Data excerpts:
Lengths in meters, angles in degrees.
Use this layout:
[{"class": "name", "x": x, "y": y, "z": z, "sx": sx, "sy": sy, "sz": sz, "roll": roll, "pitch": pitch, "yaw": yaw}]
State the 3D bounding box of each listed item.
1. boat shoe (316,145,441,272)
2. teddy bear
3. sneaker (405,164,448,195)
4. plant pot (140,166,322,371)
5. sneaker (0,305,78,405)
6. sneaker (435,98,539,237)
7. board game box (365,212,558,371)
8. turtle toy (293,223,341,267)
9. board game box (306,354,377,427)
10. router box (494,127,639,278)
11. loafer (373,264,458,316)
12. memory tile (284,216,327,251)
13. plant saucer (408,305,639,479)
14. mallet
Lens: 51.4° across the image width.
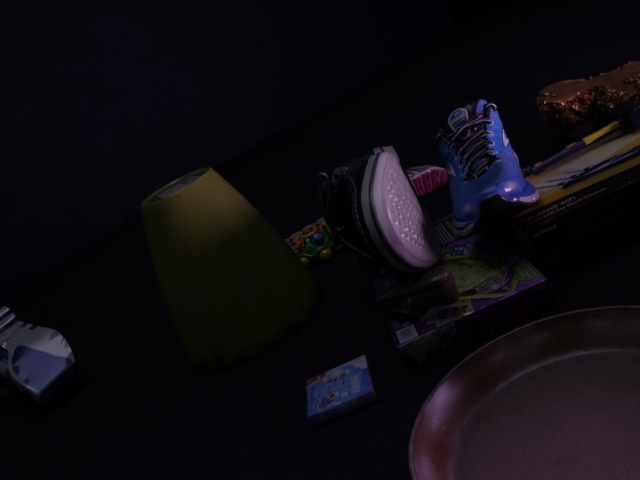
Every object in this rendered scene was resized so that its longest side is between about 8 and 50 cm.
[{"class": "boat shoe", "x": 0.082, "y": -0.046, "z": 1.060, "sx": 0.156, "sy": 0.186, "sz": 0.500, "roll": -26, "pitch": 11, "yaw": 9}, {"class": "teddy bear", "x": 0.585, "y": -0.262, "z": 1.237, "sx": 0.338, "sy": 0.113, "sz": 0.245, "roll": -19, "pitch": 25, "yaw": 1}, {"class": "sneaker", "x": 0.188, "y": -0.121, "z": 1.445, "sx": 0.171, "sy": 0.063, "sz": 0.075, "roll": -21, "pitch": 18, "yaw": 3}, {"class": "plant pot", "x": -0.183, "y": 0.029, "z": 1.177, "sx": 0.275, "sy": 0.293, "sz": 0.275, "roll": -25, "pitch": 18, "yaw": 8}, {"class": "sneaker", "x": -0.623, "y": 0.269, "z": 1.427, "sx": 0.316, "sy": 0.182, "sz": 0.127, "roll": 23, "pitch": 48, "yaw": 30}, {"class": "sneaker", "x": 0.224, "y": -0.117, "z": 0.982, "sx": 0.130, "sy": 0.147, "sz": 0.330, "roll": -28, "pitch": 18, "yaw": 17}, {"class": "board game box", "x": 0.186, "y": 0.053, "z": 0.993, "sx": 0.208, "sy": 0.056, "sz": 0.347, "roll": -29, "pitch": 18, "yaw": 7}, {"class": "turtle toy", "x": 0.000, "y": 0.000, "z": 1.367, "sx": 0.130, "sy": 0.066, "sz": 0.095, "roll": -21, "pitch": 19, "yaw": 18}, {"class": "board game box", "x": 0.025, "y": 0.195, "z": 0.867, "sx": 0.090, "sy": 0.020, "sz": 0.090, "roll": -24, "pitch": 18, "yaw": 6}, {"class": "router box", "x": 0.414, "y": -0.081, "z": 0.975, "sx": 0.309, "sy": 0.081, "sz": 0.243, "roll": -25, "pitch": 17, "yaw": 5}, {"class": "loafer", "x": 0.124, "y": 0.075, "z": 0.874, "sx": 0.056, "sy": 0.050, "sz": 0.148, "roll": -34, "pitch": 4, "yaw": -31}, {"class": "memory tile", "x": -0.031, "y": -0.010, "z": 1.529, "sx": 0.148, "sy": 0.012, "sz": 0.113, "roll": -30, "pitch": 18, "yaw": -8}, {"class": "plant saucer", "x": 0.231, "y": 0.167, "z": 0.603, "sx": 0.311, "sy": 0.050, "sz": 0.310, "roll": -24, "pitch": 18, "yaw": 8}, {"class": "mallet", "x": 0.403, "y": -0.154, "z": 1.014, "sx": 0.190, "sy": 0.039, "sz": 0.062, "roll": -28, "pitch": 16, "yaw": 11}]
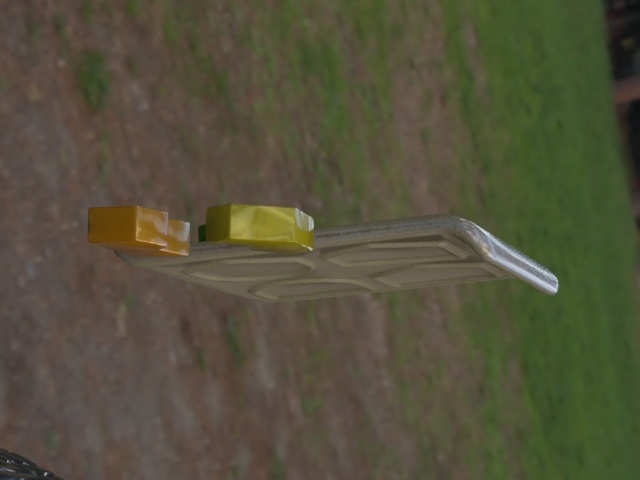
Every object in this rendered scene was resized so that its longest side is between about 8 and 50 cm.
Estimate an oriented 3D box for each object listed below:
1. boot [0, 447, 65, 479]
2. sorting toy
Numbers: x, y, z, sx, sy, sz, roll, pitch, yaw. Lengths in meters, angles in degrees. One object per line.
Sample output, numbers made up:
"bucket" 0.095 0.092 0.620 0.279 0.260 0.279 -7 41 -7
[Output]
"boot" -0.240 0.185 0.839 0.338 0.118 0.222 12 -95 66
"sorting toy" 0.000 0.000 1.021 0.307 0.229 0.041 24 66 -69
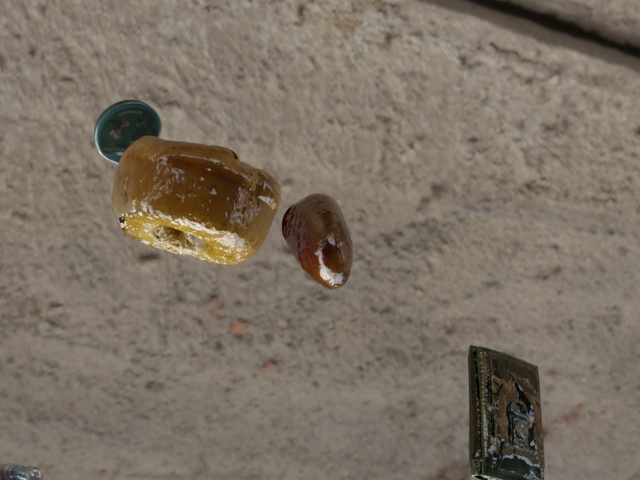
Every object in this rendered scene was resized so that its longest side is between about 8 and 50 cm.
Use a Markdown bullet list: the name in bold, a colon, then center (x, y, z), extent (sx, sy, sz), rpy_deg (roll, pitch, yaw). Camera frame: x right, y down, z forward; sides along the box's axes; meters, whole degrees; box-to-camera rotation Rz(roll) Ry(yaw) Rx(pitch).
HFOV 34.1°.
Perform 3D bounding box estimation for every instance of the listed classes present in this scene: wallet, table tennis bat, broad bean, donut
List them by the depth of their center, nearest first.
- **broad bean**: center (0.000, 0.000, 1.347), extent (0.084, 0.165, 0.114), rpy_deg (-24, 126, -1)
- **donut**: center (-0.217, -0.064, 1.773), extent (0.299, 0.150, 0.317), rpy_deg (6, 165, 34)
- **wallet**: center (0.326, 0.307, 1.809), extent (0.160, 0.236, 0.055), rpy_deg (21, 150, -30)
- **table tennis bat**: center (-0.353, -0.166, 1.904), extent (0.124, 0.033, 0.201), rpy_deg (-8, 127, -24)

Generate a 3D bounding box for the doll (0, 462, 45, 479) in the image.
- **doll**: center (-0.441, 0.314, 1.288), extent (0.151, 0.151, 0.287), rpy_deg (-39, 133, 17)
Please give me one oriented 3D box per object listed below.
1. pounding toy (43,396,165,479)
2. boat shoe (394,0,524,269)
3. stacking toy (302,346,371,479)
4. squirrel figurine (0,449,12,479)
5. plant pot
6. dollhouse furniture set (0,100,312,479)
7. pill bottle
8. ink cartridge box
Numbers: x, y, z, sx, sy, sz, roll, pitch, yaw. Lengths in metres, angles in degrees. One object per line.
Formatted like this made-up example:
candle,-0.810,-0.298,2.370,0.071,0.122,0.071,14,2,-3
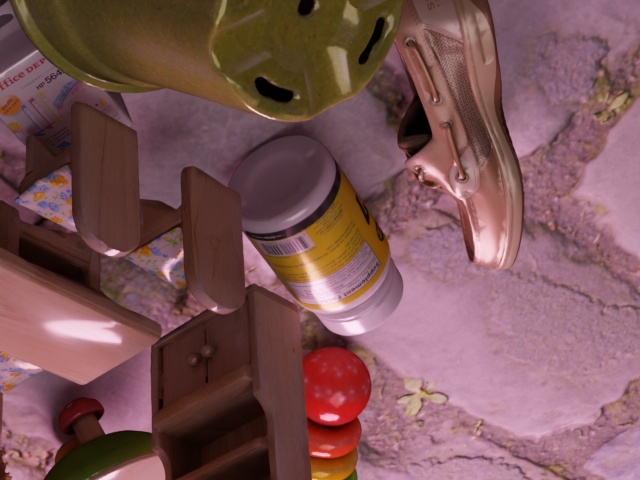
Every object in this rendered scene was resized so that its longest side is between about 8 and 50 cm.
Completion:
pounding toy,-0.231,0.238,1.805,0.183,0.110,0.237,-44,155,26
boat shoe,0.129,-0.111,1.661,0.110,0.121,0.341,-16,122,-4
stacking toy,-0.011,0.267,1.906,0.141,0.141,0.330,-3,124,-21
squirrel figurine,-0.481,0.374,1.698,0.397,0.281,0.370,-33,139,9
plant pot,-0.077,-0.216,1.329,0.276,0.254,0.276,-18,122,-31
dollhouse furniture set,-0.202,0.130,1.544,0.362,0.256,0.394,-31,138,31
pill bottle,0.000,0.000,1.688,0.119,0.119,0.208,-31,133,4
ink cartridge box,-0.251,-0.148,1.477,0.092,0.090,0.143,-33,133,6
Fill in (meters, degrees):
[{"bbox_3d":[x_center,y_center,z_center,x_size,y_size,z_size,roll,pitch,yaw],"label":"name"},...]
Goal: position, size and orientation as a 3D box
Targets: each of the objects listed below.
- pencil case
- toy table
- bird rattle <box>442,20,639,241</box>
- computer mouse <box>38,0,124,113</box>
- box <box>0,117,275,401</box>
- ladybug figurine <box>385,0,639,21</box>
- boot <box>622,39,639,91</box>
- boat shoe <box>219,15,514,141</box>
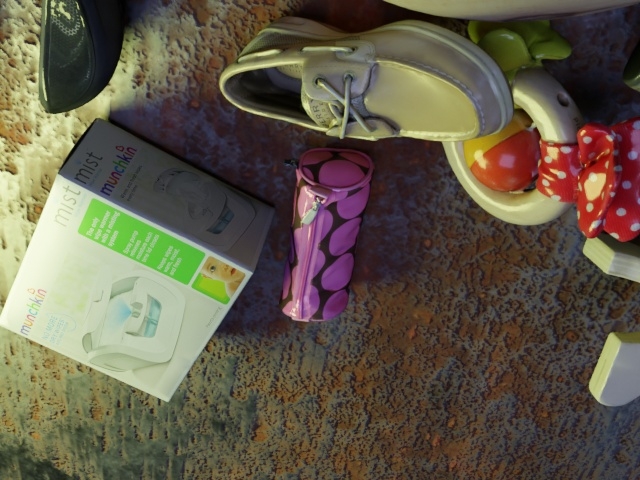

Your task: Beginning of the records through the line with "Lens: 51.4° across the image width.": return that span exactly and stop there.

Solution to the exercise:
Lengths in meters, angles in degrees.
Use this layout:
[{"class": "name", "x": x, "y": y, "z": z, "sx": sx, "sy": sy, "sz": sz, "roll": roll, "pitch": pitch, "yaw": yaw}]
State the 3D bounding box of each listed item.
1. boat shoe (316,145,441,272)
2. teddy bear
3. sneaker (405,164,448,195)
4. plant pot (140,166,322,371)
5. sneaker (0,305,78,405)
6. sneaker (435,98,539,237)
7. board game box (365,212,558,371)
8. turtle toy (293,223,341,267)
9. board game box (306,354,377,427)
10. router box (494,127,639,278)
11. loafer (373,264,458,316)
12. memory tile (284,216,327,251)
13. plant saucer (408,305,639,479)
14. mallet
Lens: 51.4° across the image width.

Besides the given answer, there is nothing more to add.